### [Problem]
What must be written out is each line from the one holding "This view is 84.5° wide." through the end of the records, word for word, minus any pictures.

### [Entries supplied]

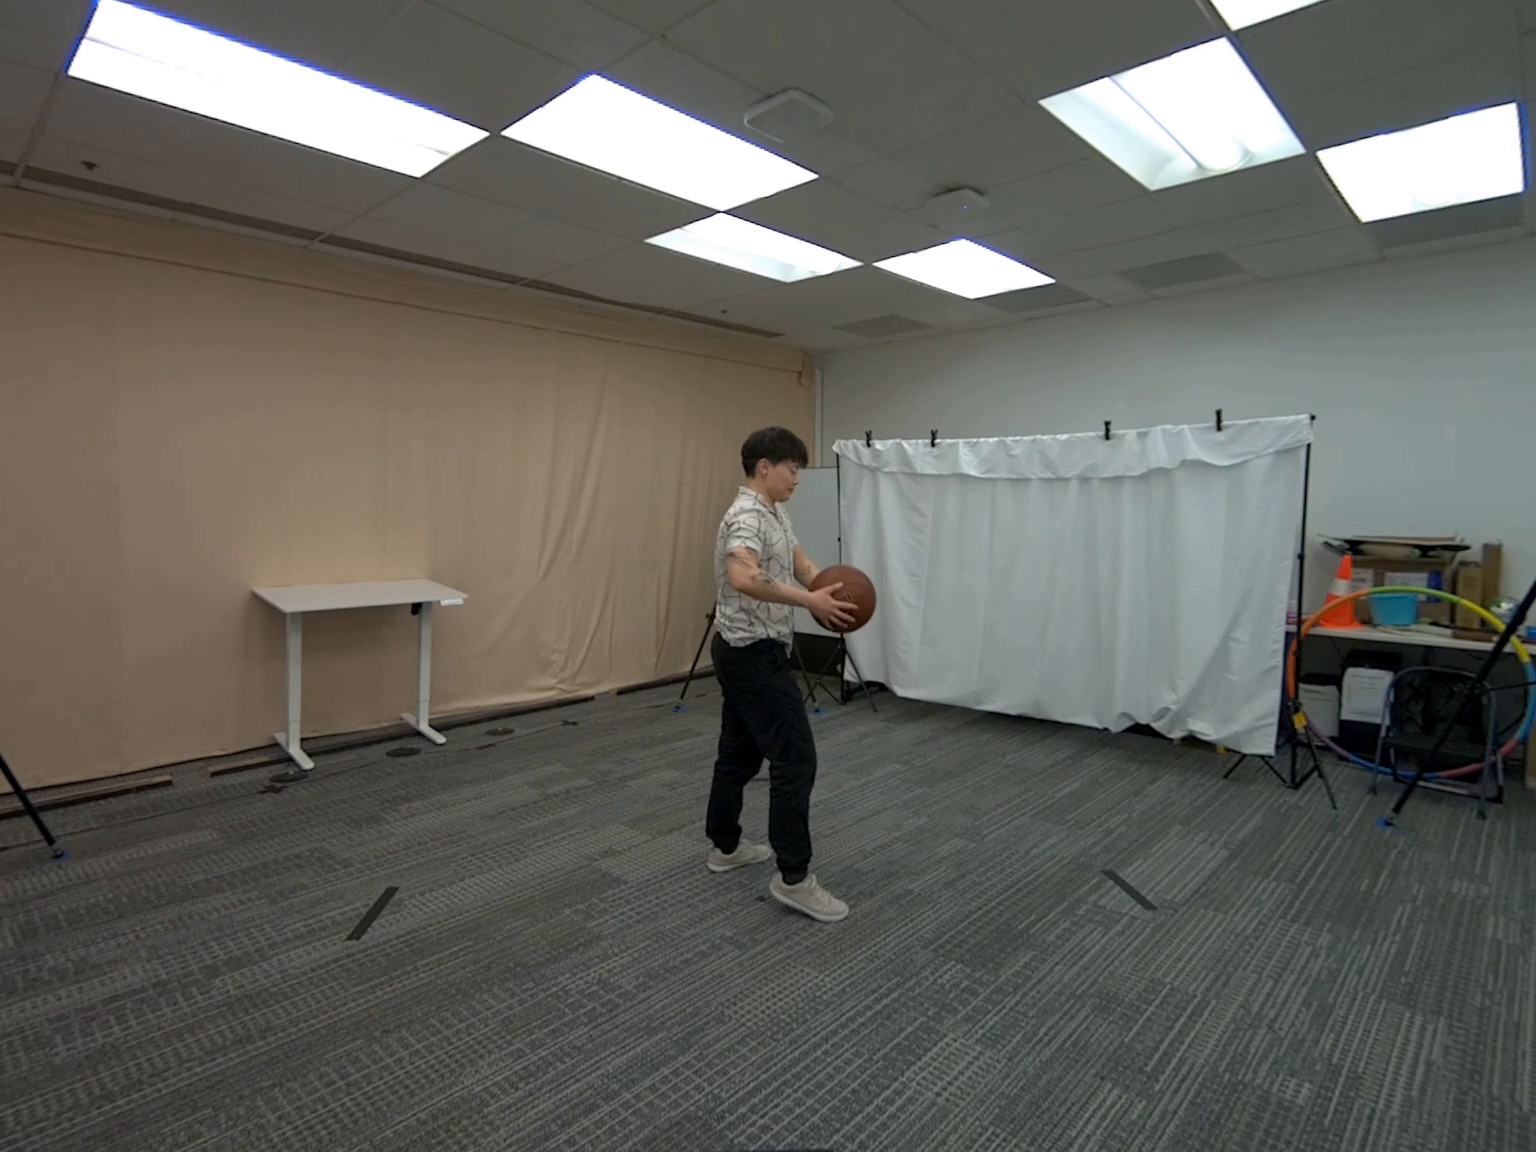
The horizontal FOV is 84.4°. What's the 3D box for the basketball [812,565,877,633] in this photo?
[{"bbox_3d":[0.250,0.090,2.926,0.236,0.235,0.237,0,4,-2],"label":"basketball"}]
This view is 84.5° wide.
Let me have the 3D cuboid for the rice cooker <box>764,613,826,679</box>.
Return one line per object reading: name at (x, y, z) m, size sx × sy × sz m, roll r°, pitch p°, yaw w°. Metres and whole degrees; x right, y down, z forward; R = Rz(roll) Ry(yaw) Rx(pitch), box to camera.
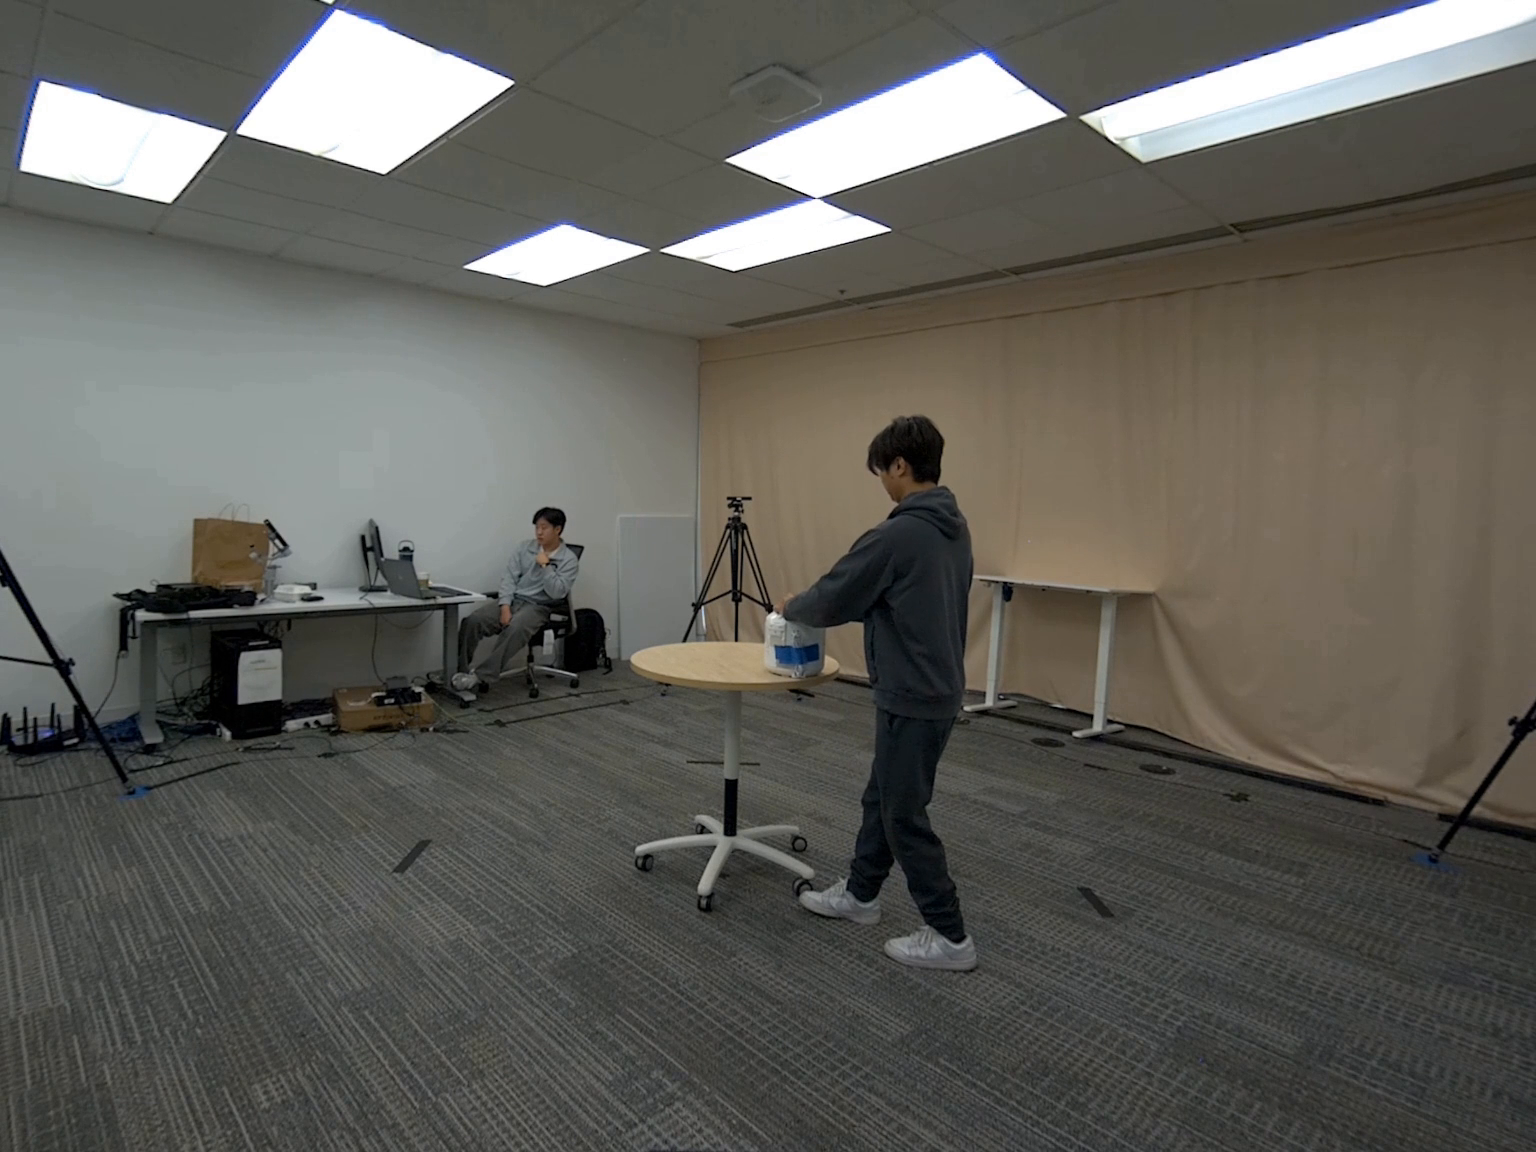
rice cooker at (0.086, 0.220, 2.901) m, size 0.223 × 0.232 × 0.215 m, roll 9°, pitch 7°, yaw 41°
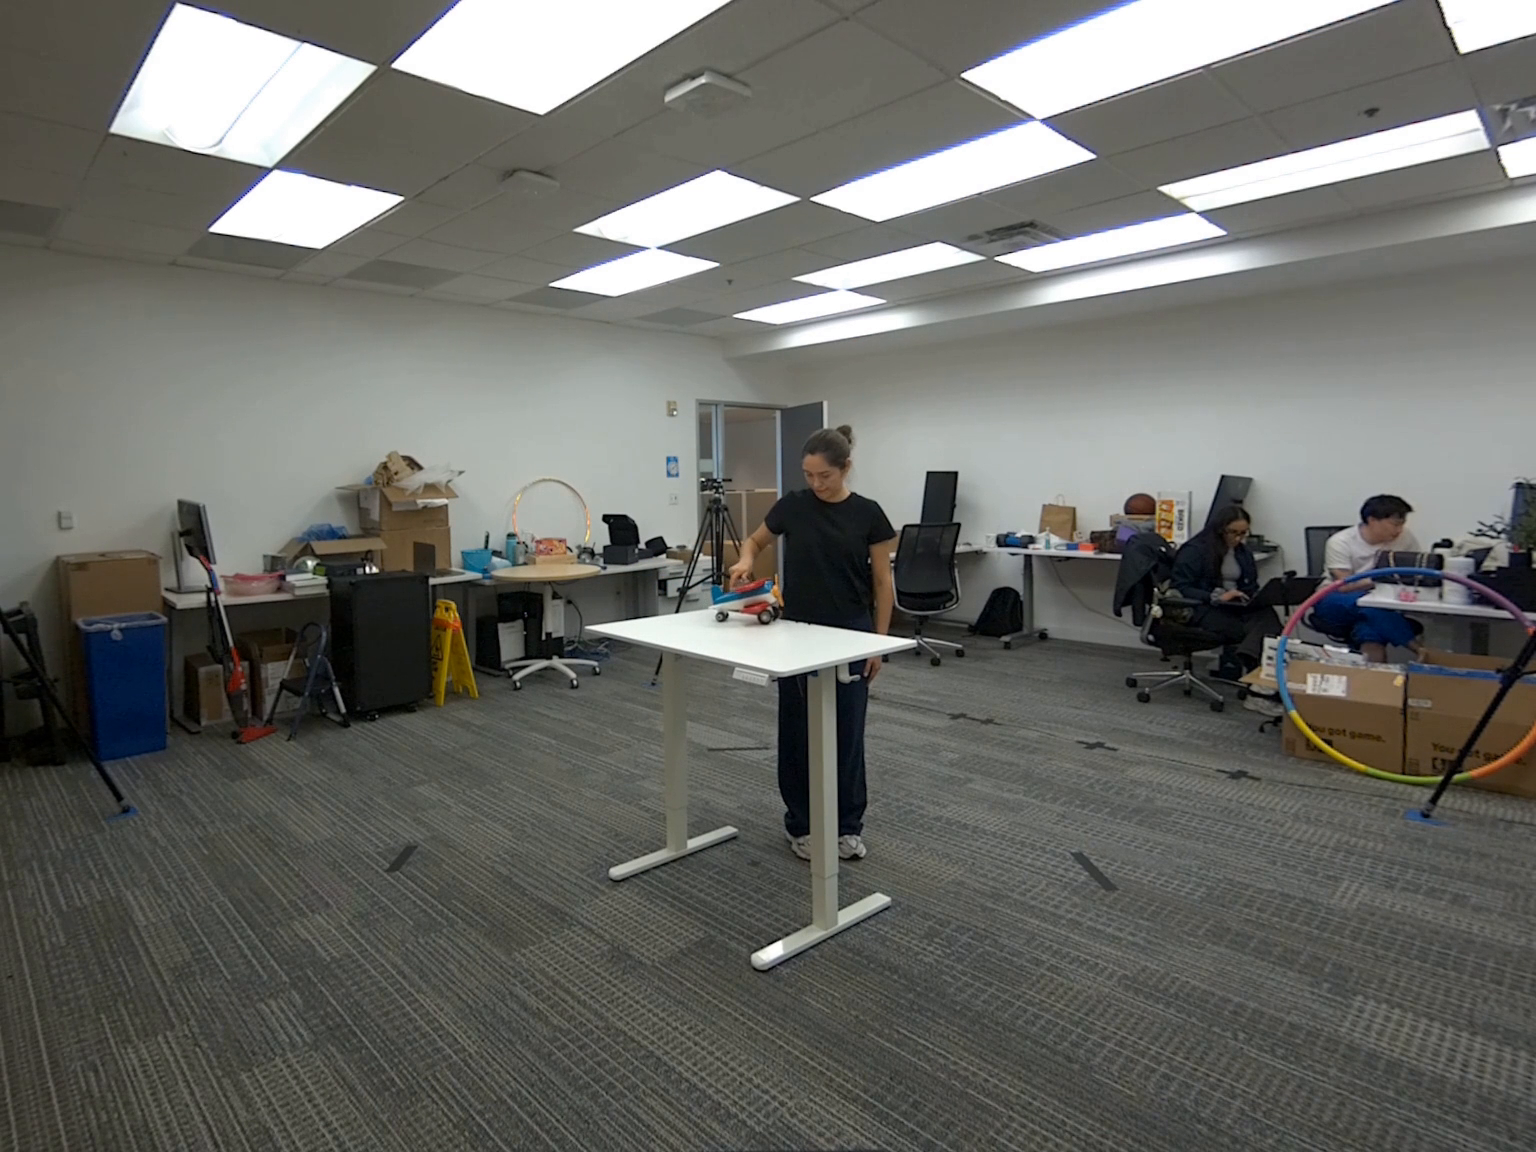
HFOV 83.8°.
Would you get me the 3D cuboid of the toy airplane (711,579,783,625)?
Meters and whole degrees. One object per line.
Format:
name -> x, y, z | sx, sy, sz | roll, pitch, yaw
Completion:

### [Solution for this problem]
This view is 84.5° wide.
Let me have the 3D cuboid for the rice cooker <box>764,613,826,679</box>.
Return one line per object reading: name at (x, y, z) m, size sx × sy × sz m, roll r°, pitch p°, yaw w°. Metres and whole degrees; x right, y down, z forward; R = Rz(roll) Ry(yaw) Rx(pitch), box to camera.
rice cooker at (0.086, 0.220, 2.901) m, size 0.223 × 0.232 × 0.215 m, roll 9°, pitch 7°, yaw 41°
HFOV 83.8°.
Would you get me the 3D cuboid of the toy airplane (711,579,783,625)?
Meters and whole degrees. One object per line.
Format:
name -> x, y, z | sx, sy, sz | roll, pitch, yaw
Completion:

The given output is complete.